IBBI (Insolvency Professionals) (Second Amendment) Regulations, 2025 : An analysis

Posted On - 24 November, 2025 • By - Rahul Sundaram

The Insolvency and Bankruptcy Board of India (“Board”), vide Notification No. IBBI/2025-26/GN/REG132 dated 20 November 2025 and published in the Gazette of India on 21 November 2025, has promulgated the Insolvency and Bankruptcy Board of India (Insolvency Professionals) (Second Amendment) Regulations, 2025 (“Amendment Regulations”). The instrument is the second set of amendments made to the Insolvency and Bankruptcy Board of India (Insolvency Professionals) Regulations, 2016 (“Principal Regulations”) in the current calendar year and takes effect ex nunc.

The Amendment Regulations are issued under the composite powers conferred by Sections 196, 207 and 208 read with Section 240 of the Insolvency and Bankruptcy Code, 2016 (“Code”)..

Substantive Amendments 

1. Insertion of Regulation 7B – Quantitative Ceiling on Assignments 

   A new Regulation 7B has been grafted into the Principal Regulations immediately after the existing Regulation 7A. The provision enacts an absolute numerical cap: 

   (i) An insolvency professional who is not an “insolvency professional entity” shall not, at any point of time, hold more than ten concurrent assignments in the aggregate. 

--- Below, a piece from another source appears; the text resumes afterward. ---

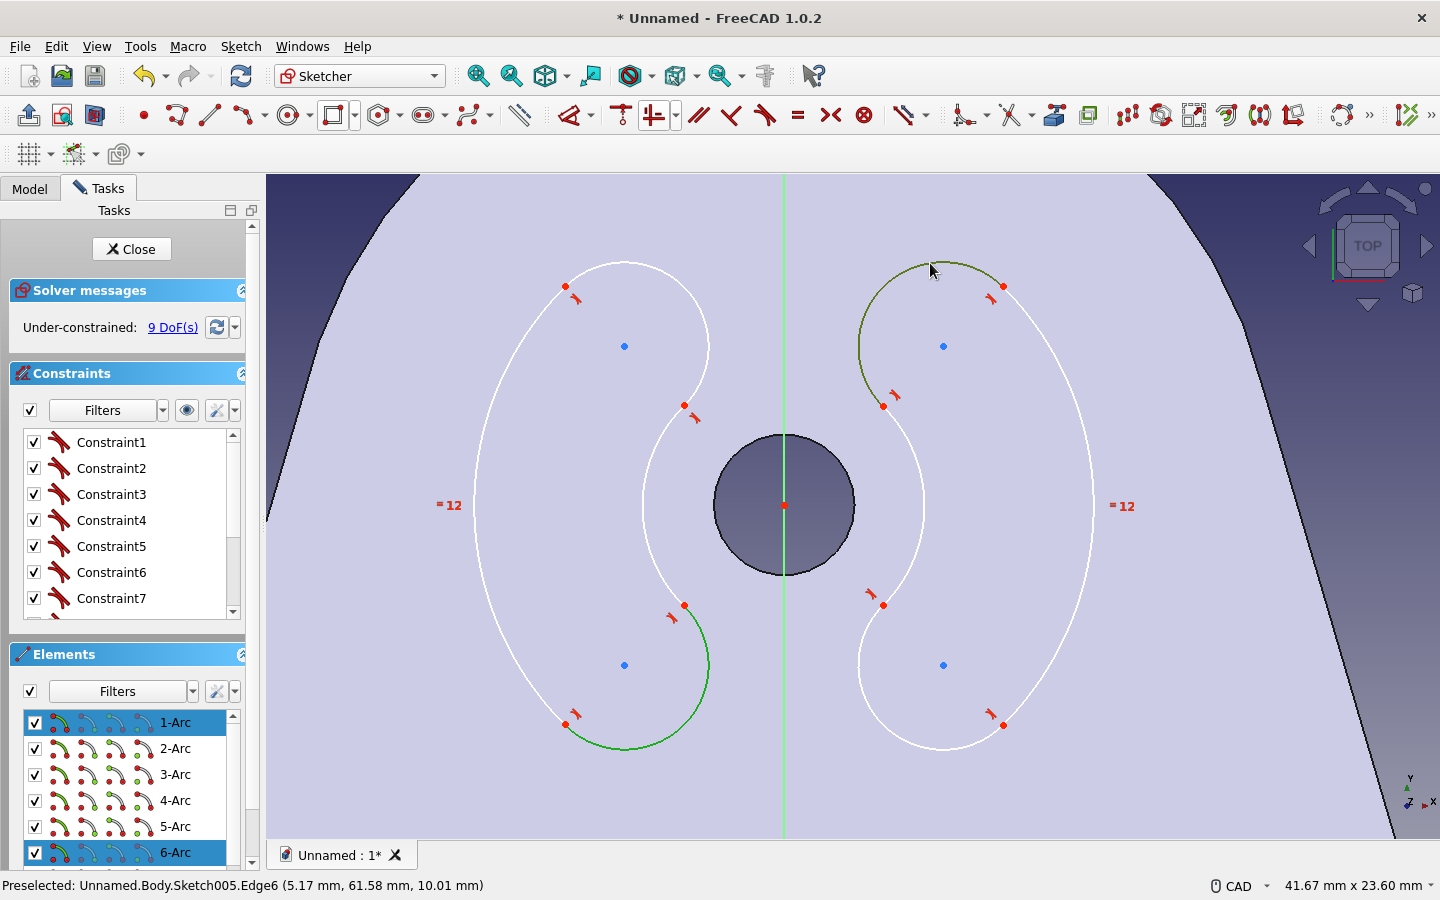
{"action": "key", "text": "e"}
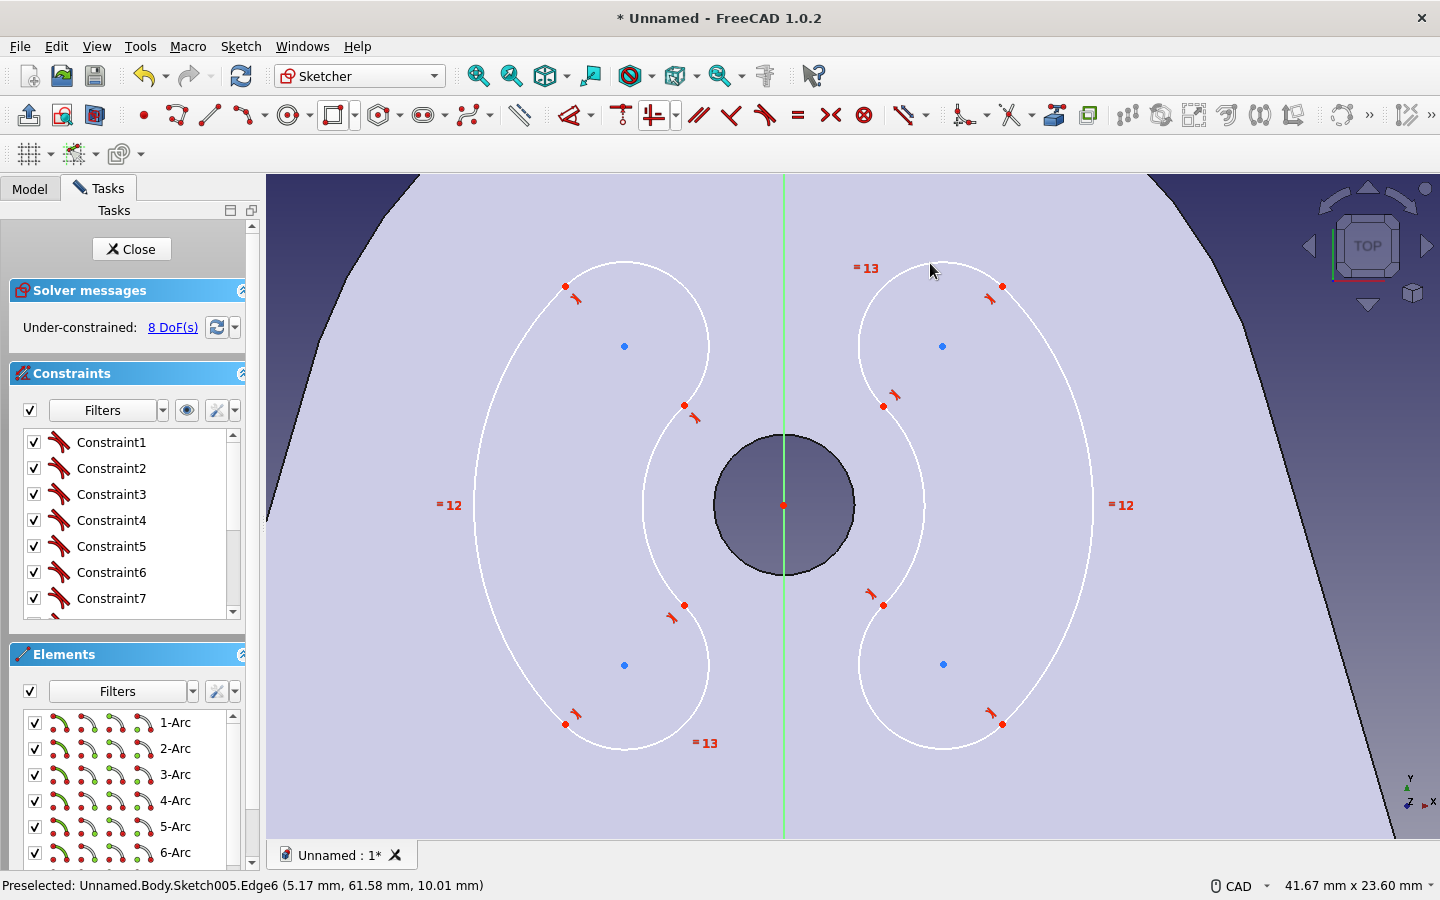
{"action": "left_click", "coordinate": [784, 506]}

   (ii) The cap subsumes every capacity in which the professional may be appointed – interim resolution professional, resolution professional in a corporate insolvency resolution process, and liquidator in a liquidation process. 

   (iii) Within the overall limit of ten, not more than three assignments may relate to processes where the admitted claims exceed one thousand crore rupees each. 

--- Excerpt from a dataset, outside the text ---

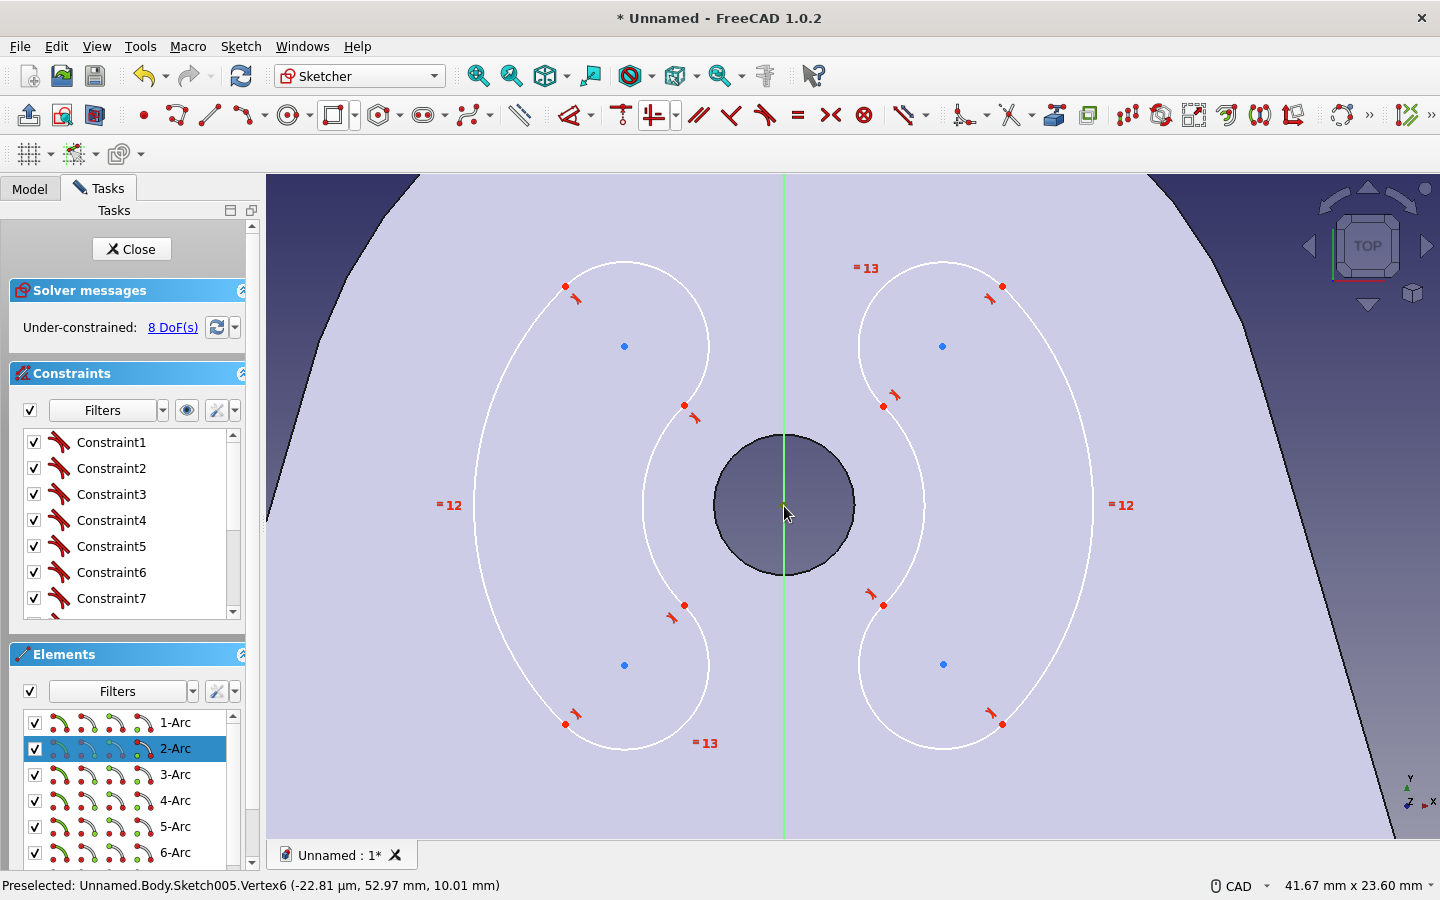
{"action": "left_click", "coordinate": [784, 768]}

   (iv) A non-obstante proviso protects pre-existing engagements: professionals who, on the commencement date, exceed the prescribed thresholds are debarred from accepting any fresh assignment until their live tally falls below the ceiling.

2. Amendment to the Code of Conduct (First Schedule) 

   (i) Clause 6 – The expression “the approval of the Board” has been substituted by “the prior approval of the Adjudicating Authority”, thereby transferring the locus of sanction from the executive regulator to the jurisdictional Bench of the National Company Law Tribunal. 

   (ii) Clause 22 – shall be omitted

Juridical Implications 

The Amendment Regulations herald a paradigm shift from self-declared workload management to a hard statutory ceiling. The twin levers – quantitative cap and re-allocation of approval authority – are evidently designed to mitigate timeline slippages and enhance fiduciary oversight. Professionals already breaching the limit face an immediate moratorium on new appointments, with attendant consequences under Section 220 of the Code for non-compliance.

Concluding Observations 

By compressing the permissible portfolio of individual IPs and reposing critical approvals with the Adjudicating Authority, the Board has signalled its intent to prioritise qualitative compliance over numerical expansion. Stakeholders must promptly audit existing mandates, re-calibrate engagement pipelines and embed the revised thresholds within internal risk frameworks to avert regulatory exposure.